- [Directions for this task]
In the reply, give back exactly the lines from the one with "Task: Locate the" through the last line of the records, without pictures.

——

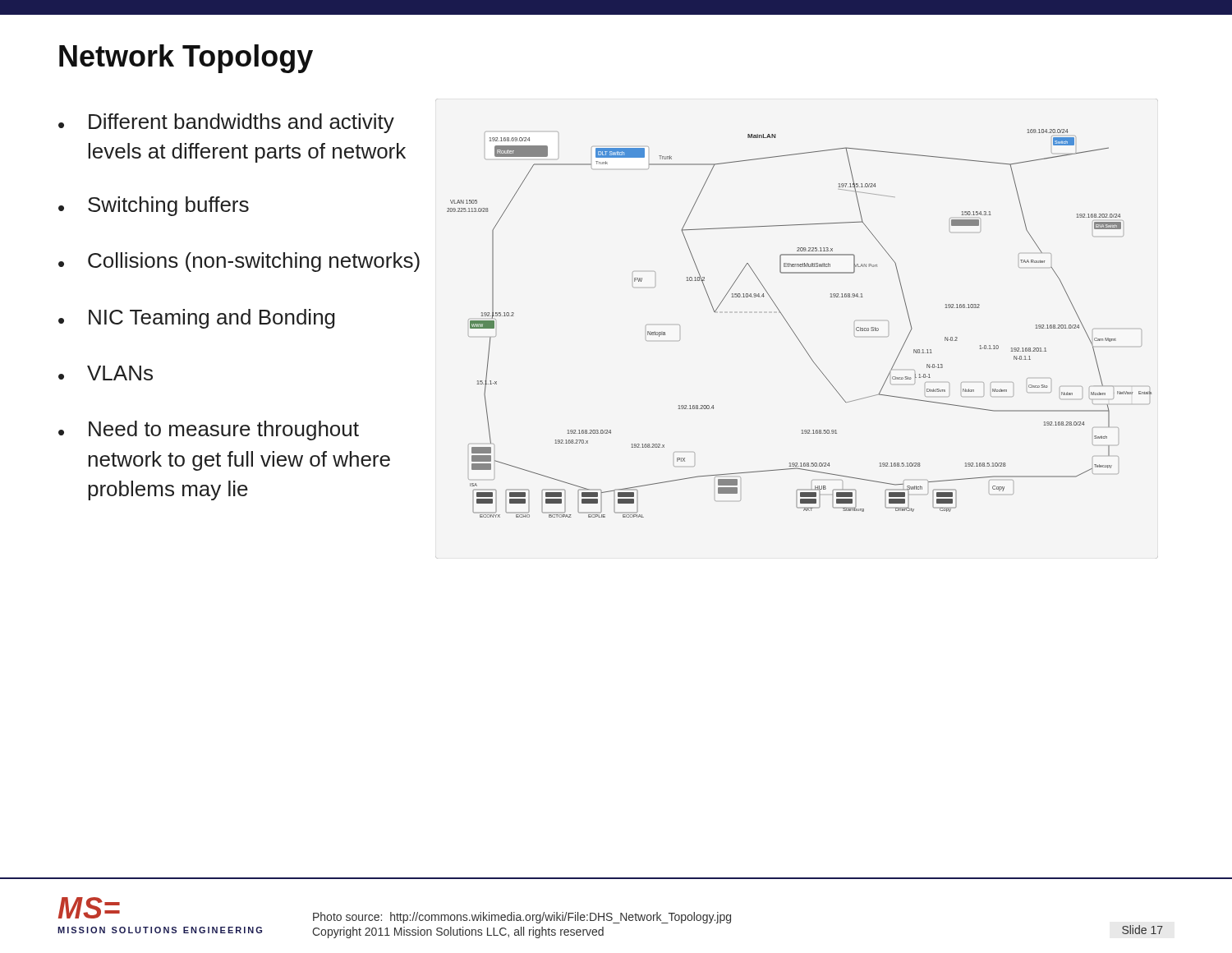Click on the network graph

coord(797,329)
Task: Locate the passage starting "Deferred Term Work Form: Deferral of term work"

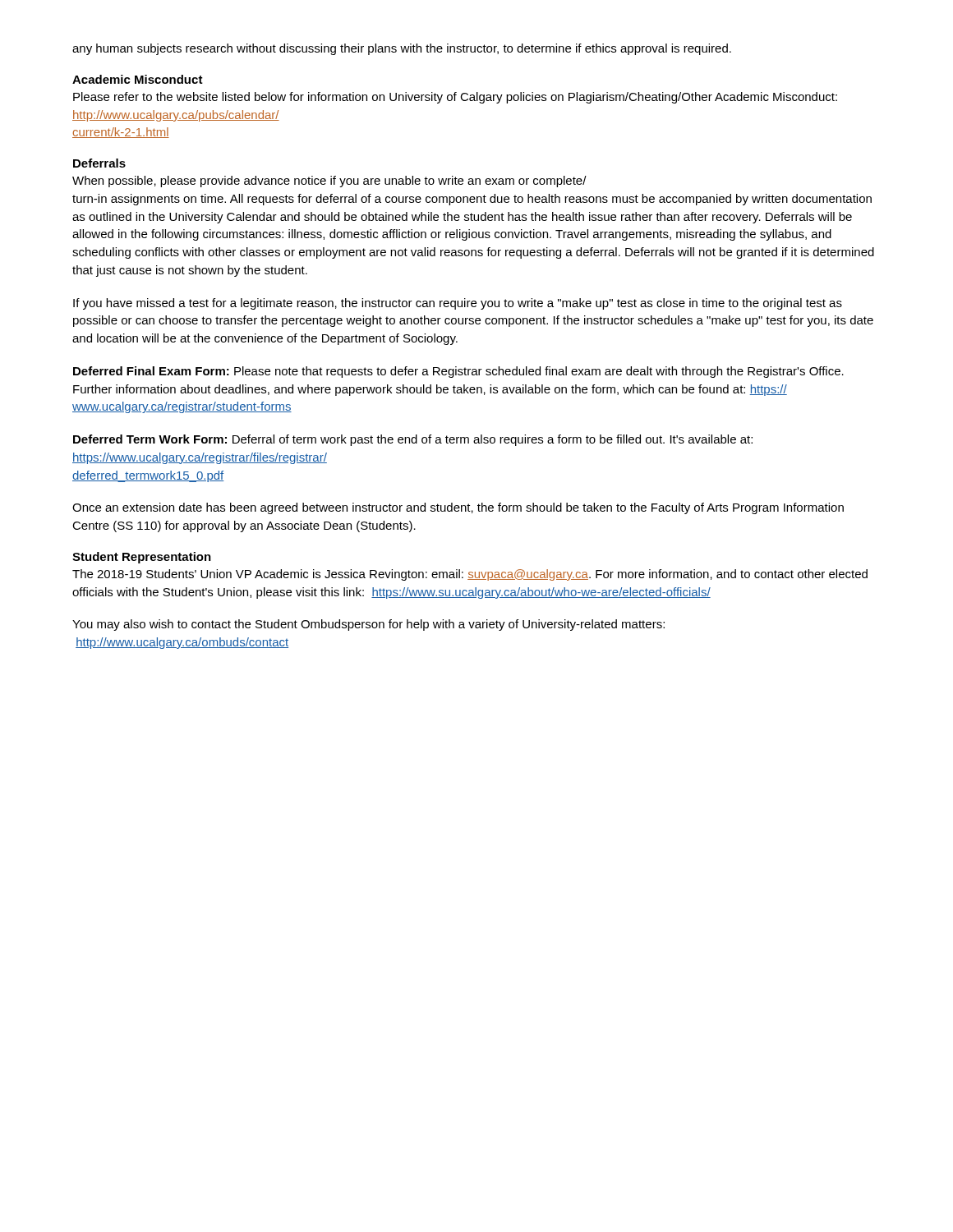Action: (x=413, y=440)
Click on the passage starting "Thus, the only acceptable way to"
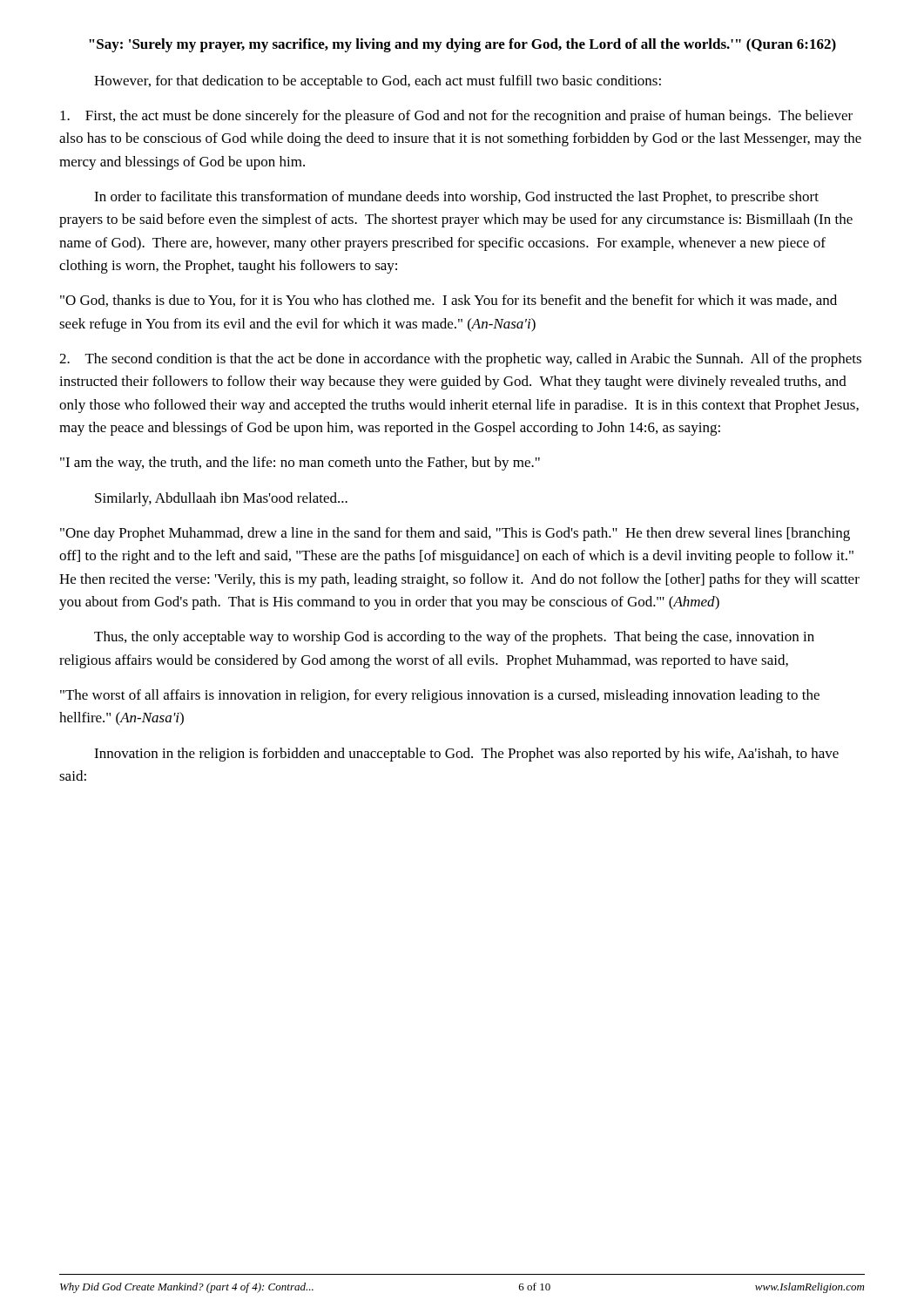This screenshot has height=1307, width=924. point(437,648)

——

- [Response to this task]
Task: Locate the passage starting "Deferred Term Work Form: Deferral of term work"

Action: (x=413, y=440)
Click on the passage starting "Thus, the only acceptable way to"
This screenshot has height=1307, width=924. point(437,648)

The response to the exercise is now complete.